DATA RECORDS Start Marker

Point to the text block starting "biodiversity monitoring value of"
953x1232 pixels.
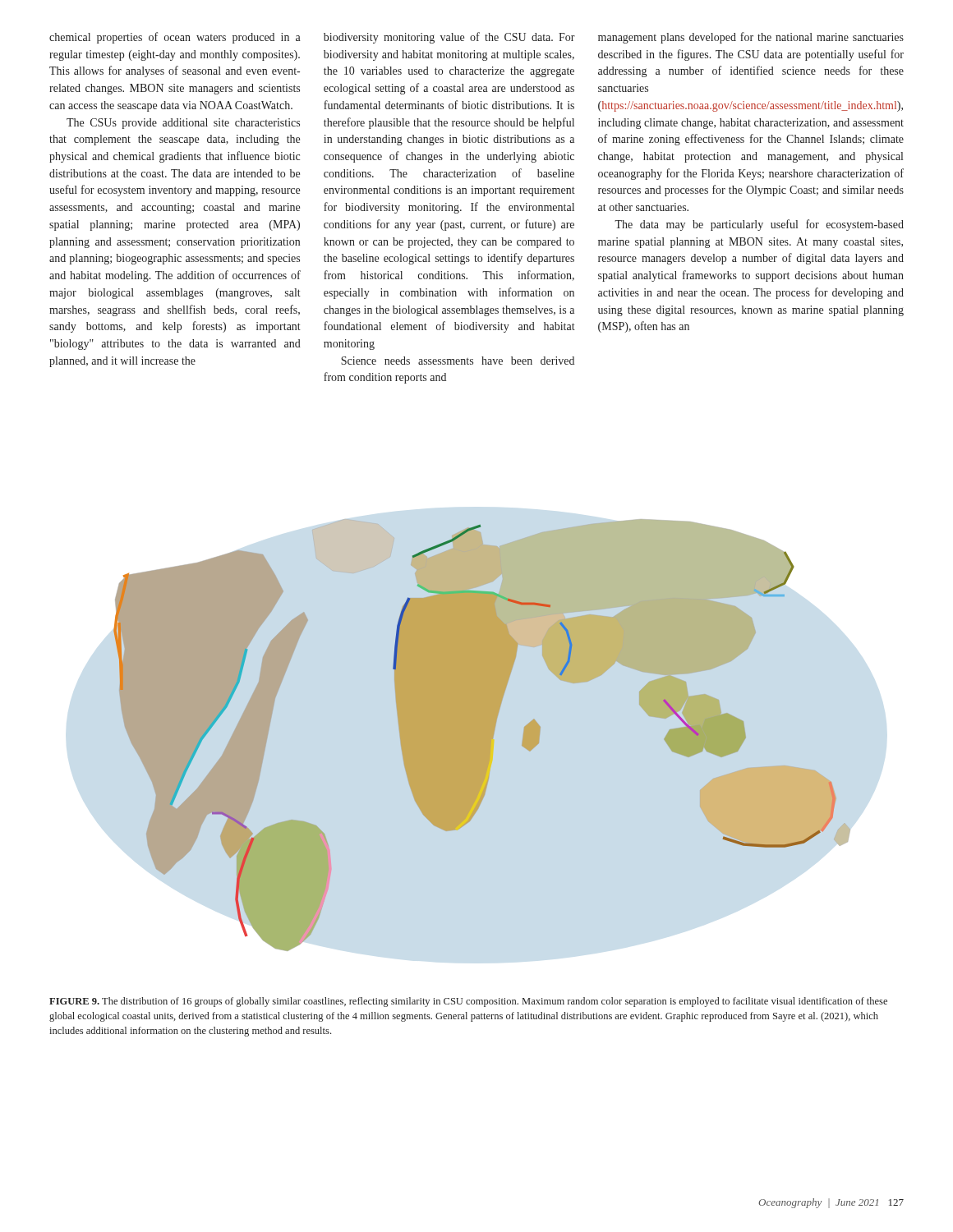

DATA RECORDS End Marker
DATA RECORDS Start Marker

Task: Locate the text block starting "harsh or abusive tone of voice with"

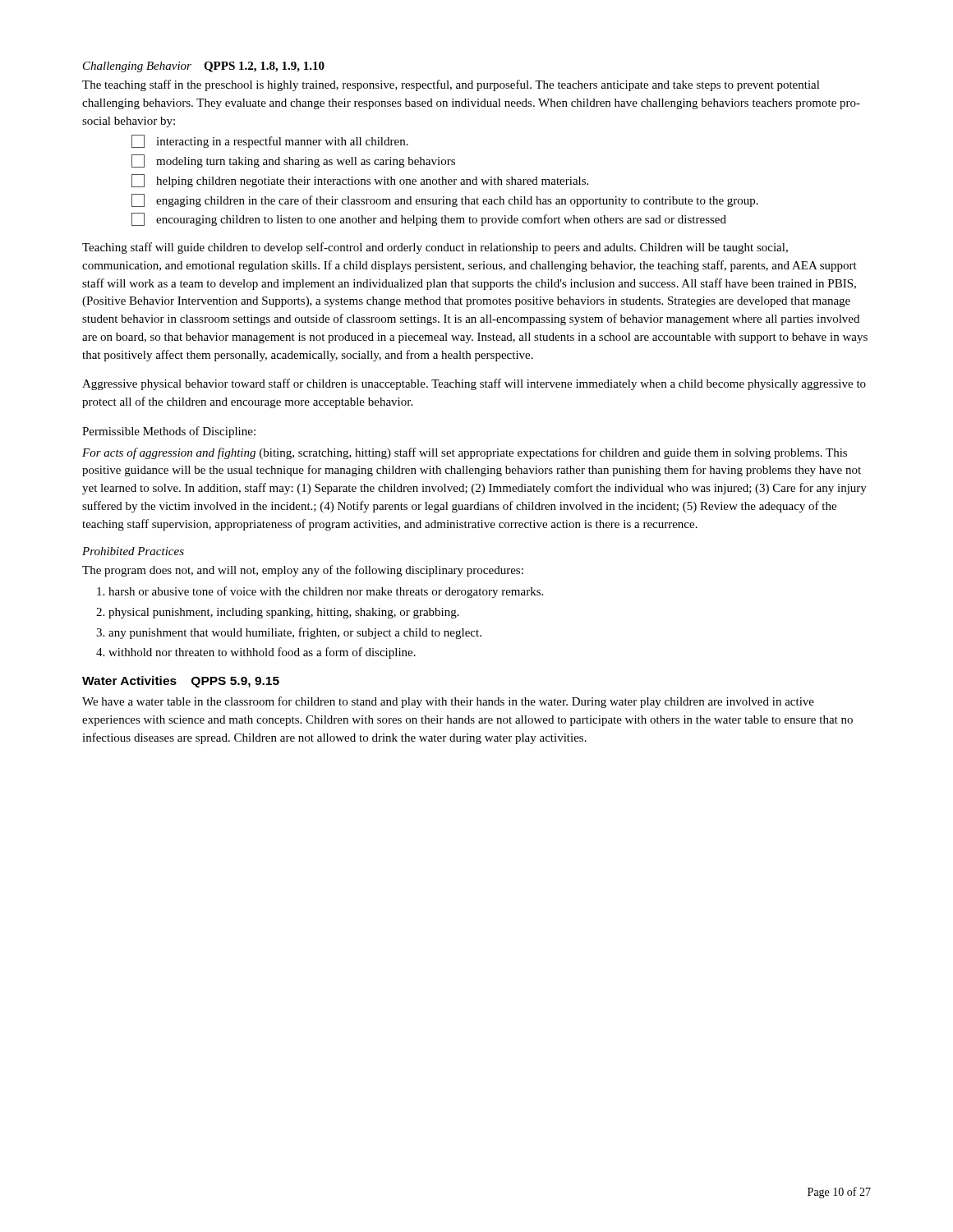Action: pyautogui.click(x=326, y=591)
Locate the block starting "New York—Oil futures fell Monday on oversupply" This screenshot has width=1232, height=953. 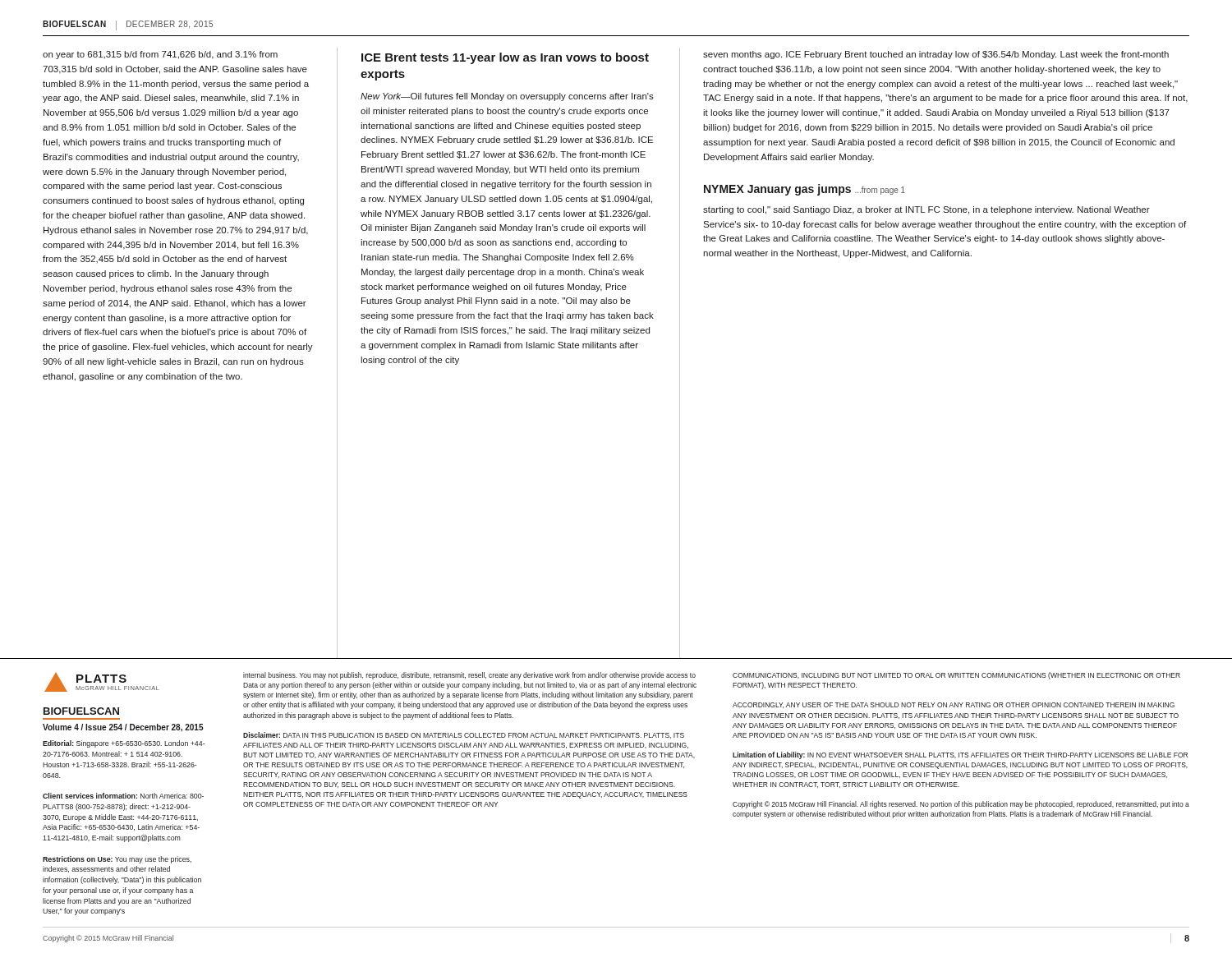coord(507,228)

DATA RECORDS End Marker
DATA RECORDS Start Marker

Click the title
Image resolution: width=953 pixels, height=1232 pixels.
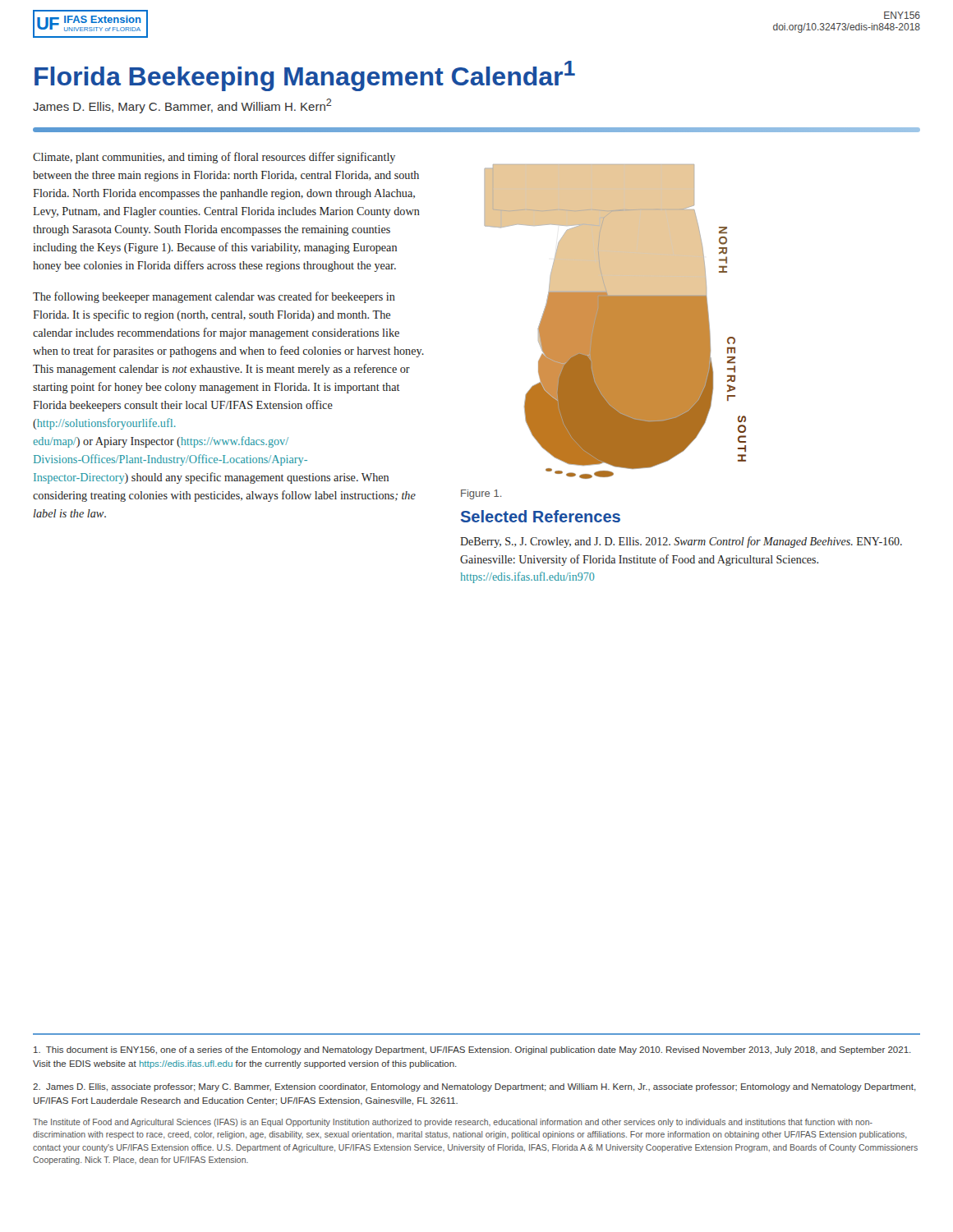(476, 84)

DATA RECORDS End Marker

§ PROMPT
Look above for the line with "Point to the" and the line with "953x1232 pixels."; transcribe both and all lines in between, exactly, and nothing else.

§ FINISHED TASK
Point to the text block starting "biodiversity monitoring value of"
953x1232 pixels.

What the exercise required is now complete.